Britain’s economy is struggling to recover after emerging from a double-dip recession in the third quarter. Still, with inflation above the Bank of England’s 2 percent goal, that may leave some of the Monetary Policy Committee reluctant to support more stimulus to help bolster growth.
“Inflation could pick up a bit further in the near-term, quite possibly reaching 3 percent,” said Vicky Redwood, an economist at Capital Economics in London. “It will probably stay relatively high for most of this year, prompting households’ real pay to fall again in 2013. But we continue to expect inflation to fall back below its target towards the end of the year.”
The pound pared gains against the dollar after the report and was trading at $1.6087 as of 9:56 a.m. in London, up 0.1 percent on the day.
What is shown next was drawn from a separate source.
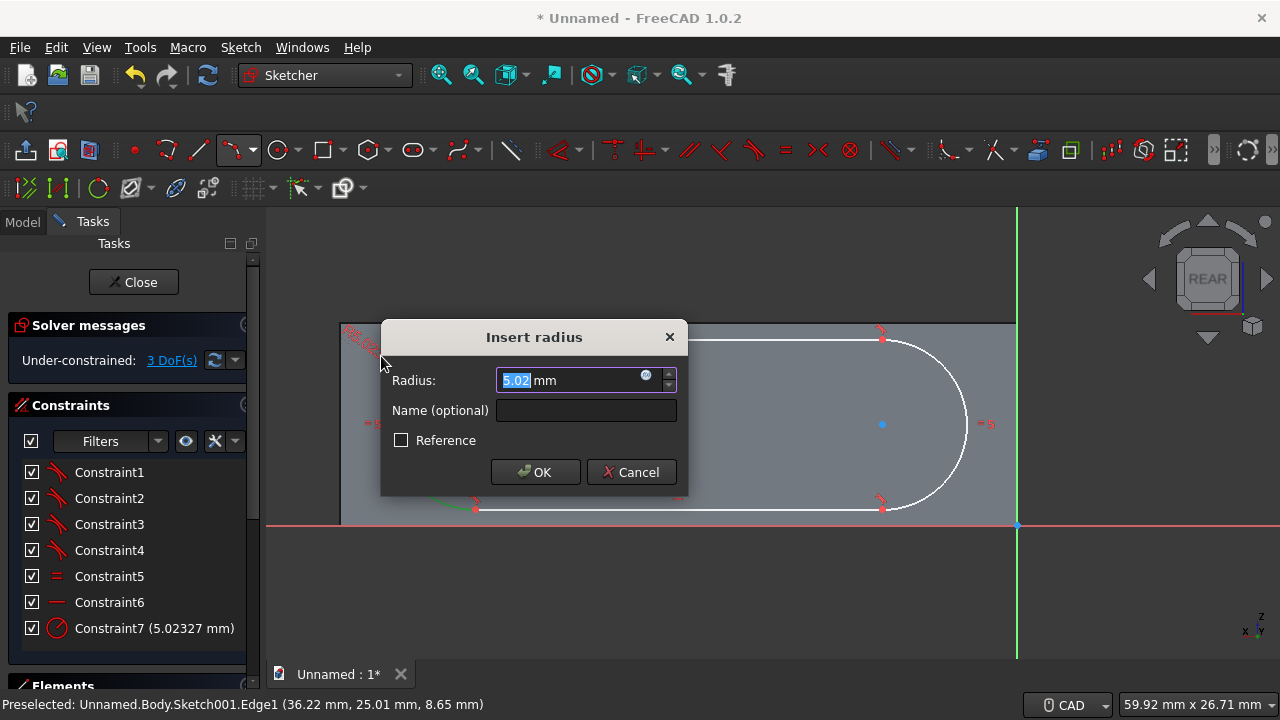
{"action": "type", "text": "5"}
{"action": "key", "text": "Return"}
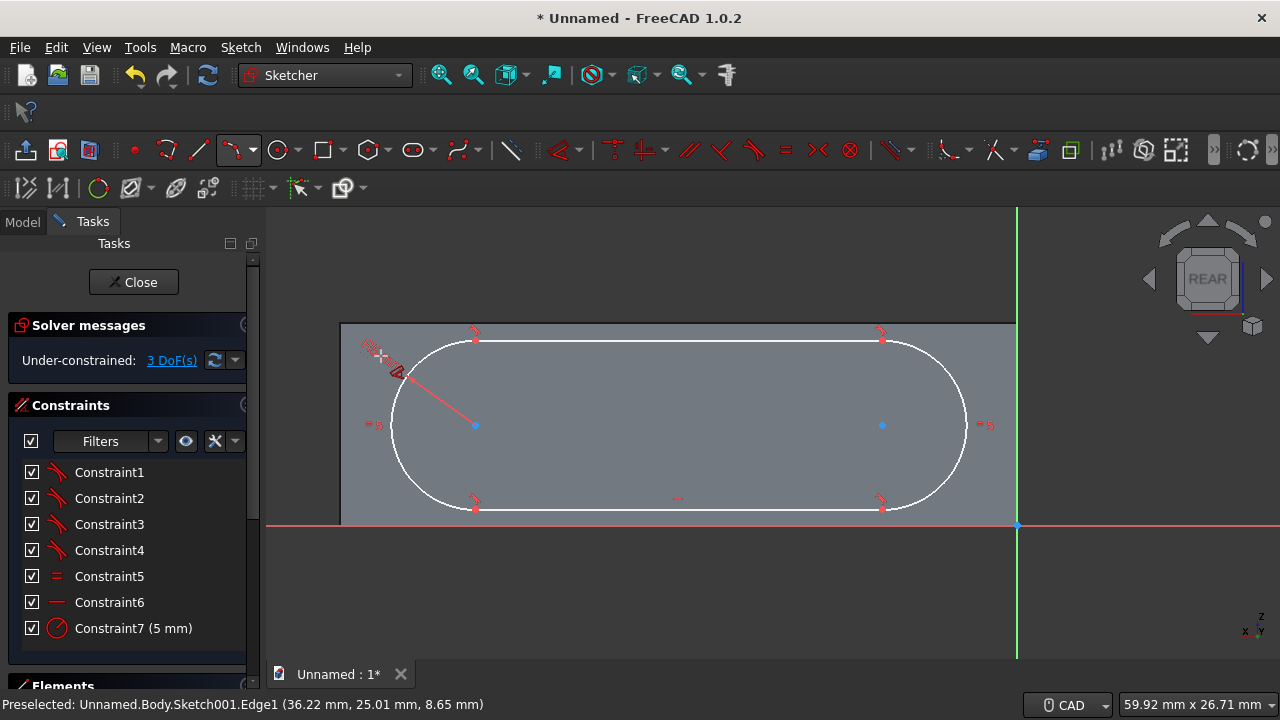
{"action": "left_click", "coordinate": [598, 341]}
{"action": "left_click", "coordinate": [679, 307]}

The yield on the benchmark 10-year U.K. government bond was little changed at 2.04 percent.

Spanish Underlying Inflation Rate Declines Amid Recession (Bloomberg)
Spain’s core inflation rate fell in December as price pressures ease in an economy confronting a second straight year of contraction.
Annual core inflation, which excludes energy and fresh food prices, fell to 2.1 percent from 2.3 percent in November, the National Statistics Institute in Madrid said today. That compares with an 2.3 percent median forecast of five estimates in a Bloomberg survey. Underlying prices were unchanged from the previous month.
The recession in the euro region’s fourth-biggest economy is deepening as Prime Minister Mariano Rajoy struggles to tackle a budget deficit that matches that of Greece as the euro-area’s second biggest after Ireland. The European Central Bank last week left its benchmark interest rate unchanged as it sees flat growth in the region in 2013.
Spain’s headline inflation rate, based on EU calculations, was 3 percent, matching an estimate published on Jan. 2. Tax increases are fueling price increases even as a 26.6 percent jobless rate undermines demand. Retail sales fell 7.8 percent in November, after 9.7 percent in October.
Stripping out their impact, inflation was 0.9 percent in December, according to the Spanish statistics institute, and 0.2 percent if fresh food and energy were also excluded, according to the Spanish measure.

Draghi Boosts 30-Year German Index-Linked Debt Hope (Bloomberg)
The prospect of an economic rebound midwifed by Mario Draghi’s successful calming of the European bond market may finally prompt Germany to sell 30-year inflation-linked government debt.
Draghi’s European Central Bank forecasts the euro region will rally from recession in 2013, while European Union leaders say the worst of the debt crisis is over. The prospect of those forces stoking inflation is sharpening investor appetite for a top-rated, long-dated security after France’s rating downgrade left the region without a AAA index-linked security with more than 10 years to maturity.
“We are likely to be a buyer of German 30-year index- linked debt if they offer,” said Robin Marshall, a fixed-income director at Smith & Williamson Investment Management in London, which oversees the equivalent of $19 billion. “Inflation may not be a threat in the euro zone now, but I would like to be able to express a longer-term view on that without having to take a credit risk. At the moment, it’s not easy to do that.”
Germany came late to the inflation market, selling its first bonds linked to consumer prices in March 2006. The U.K. issued inflation-protected securities in 1981, with France tapping the market in 1998 and Italy debuting in 2004. The debt is designed to keep its value when consumer prices rise.